The 17% CPU frequency improvement associated with the cache size improvement provides additional benefits; with the combined performance improvement ranging from 0% to 156%, a median improvement of 11.5%, and an improvement in the geometric mean of 22.5%.

In this case, the assumed cost of the chips is the same as the reference system, so the performance/price shows the same ratios as the raw performance.

Add CPU Cores

Adding cores improves the throughput across a broad range of workloads, at the cost of a modest (17%) reduction in frequency in order to meet power/cooling restrictions. Here we assume that the 50% area reduction allows us to include two CPU cores, each with the same 1 MB L2 cache as the reference chip and at the same cost. When running a single process, the performance varies from 15% slower than the reference platform to 0% slower, with median and geometric mean changes of -10% to -11%.

If we can use the second core to run a second copy of the code, the throughput of the system increases from a minimum of 0% to a maximum of 54%, with median and geometric mean speedups of 29% to 32%.

In this case the assumed cost of the chips is the same as in the reference system, so the performance/price shows the same ratios as the raw performance.

The three examples above provided a disturbingly large number of independent performance and performance/price metrics – 70 relative values. Reducing the 14 performance values per benchmark to three (minimum, geometric mean, maximum) still leaves us with nine performance values and 12 performance/price values (of which nine are identical to the performance values). Combining these into a metric that can be used to make rational design decisions is not a trivial task.
Each of the three options has significant benefits and significant disadvantages:

It is relatively straightforward to find customers for whom any of the six Major Benefits or Major Drawbacks constitutes critical decision factors. It is much more complex to determine how to take that information, generalize it, and use it in support of the company's business model.

Engineering decisions must, of course, support the business model of the company making the investments. Even the seemingly simple goal of "making money" becomes quite fuzzy on detailed inspection. Business models can be designed to optimize near-term revenue, near-term profit, long-term revenue, long-term profit, market "buzz" and/or "goodwill", or they can be designed to attain specific goals of market share percentage or to maximize financial pressure on a competitor. Real business models are a complex combination of these goals, and unfortunately for the "purity" of the engineering optimization process, different business goals can change the relative importance of the various performance and performance/price metrics.

In each of these scenarios the performance changes depend on the ratio of memory performance to CPU performance on the baseline system. As the amount of available bandwidth increases, the benefits of larger caches decrease and the benefit of having more CPU cores increases. Conversely, relatively low memory bandwidth makes large caches critical but significantly reduces the throughput improvements obtainable with additional CPU cores.

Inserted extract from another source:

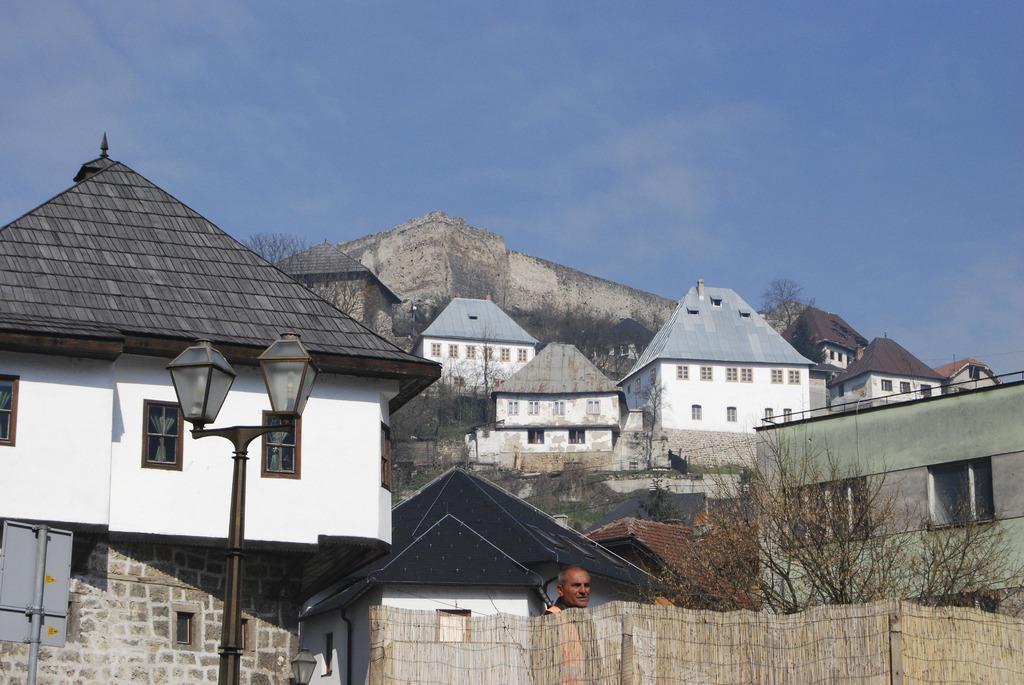Can you describe this image briefly? In this image we can see fort, buildings, trees, person, fencing, streetlight, sky and clouds. 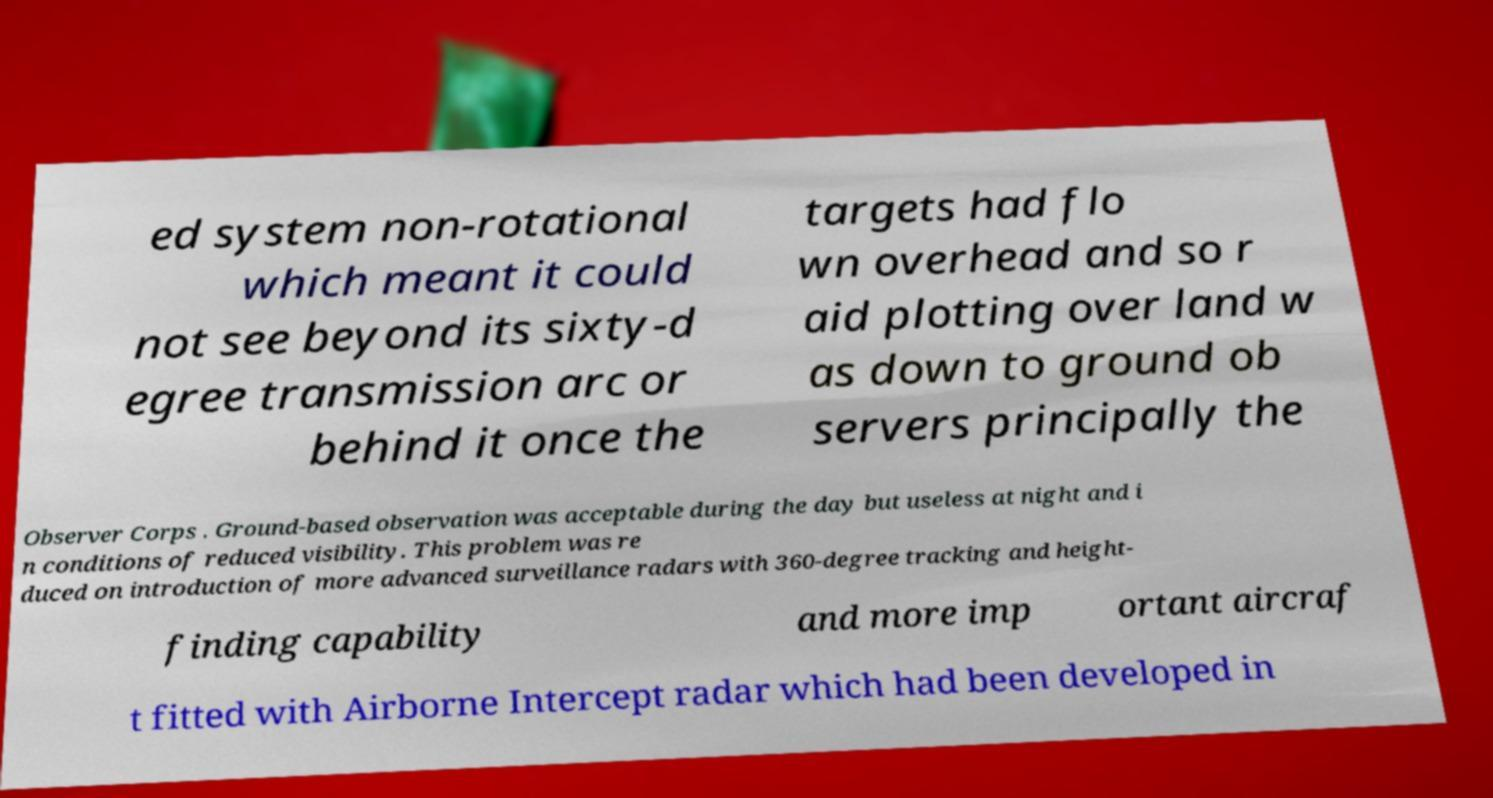Can you accurately transcribe the text from the provided image for me? ed system non-rotational which meant it could not see beyond its sixty-d egree transmission arc or behind it once the targets had flo wn overhead and so r aid plotting over land w as down to ground ob servers principally the Observer Corps . Ground-based observation was acceptable during the day but useless at night and i n conditions of reduced visibility. This problem was re duced on introduction of more advanced surveillance radars with 360-degree tracking and height- finding capability and more imp ortant aircraf t fitted with Airborne Intercept radar which had been developed in

For the more cache-friendly SPECint_rate2000 benchmark, results on the IBM e326 servers running at 2.2 GHz show that doubling the number of cores per chip at the same frequency results in a throughput improvement of 65% to 100% on SPECint_rate2000 (geometric mean improvement = 95%).⁹

Like performance, power is more multidimensional than one might initially assume. In the context of high-performance microprocessor-based systems, the "power problem" might mean any of:

• Bulk current delivery to the chip through a large number of very tiny pins/pads. (Note that as voltages go down, currents go up and resistive heating in the pins/pads increases even at the same bulk power level.)
• Bulk heat removal to prevent die temperature from exceeding threshold values associated with significantly shortened product lifetime.
• "Hot Spot" power density in small areas of the chip that can cause localized failures. (Note that halving the size of the processor core on the die while increasing frequency to maintain the same bulk power envelope causes a doubling of power density within the core.)
• Bulk power deliver to the facility housing the service – including cost of electricity plus the cost of electrical upgrades.
• Bulk heat removal from the facility housing the servers – including the cost of electricity plus the cost of site cooling system upgrades.
• Bulk heat removal from the processor chips that preheats air flowing over other thermally sensitive components (memory, disk drives, etc.).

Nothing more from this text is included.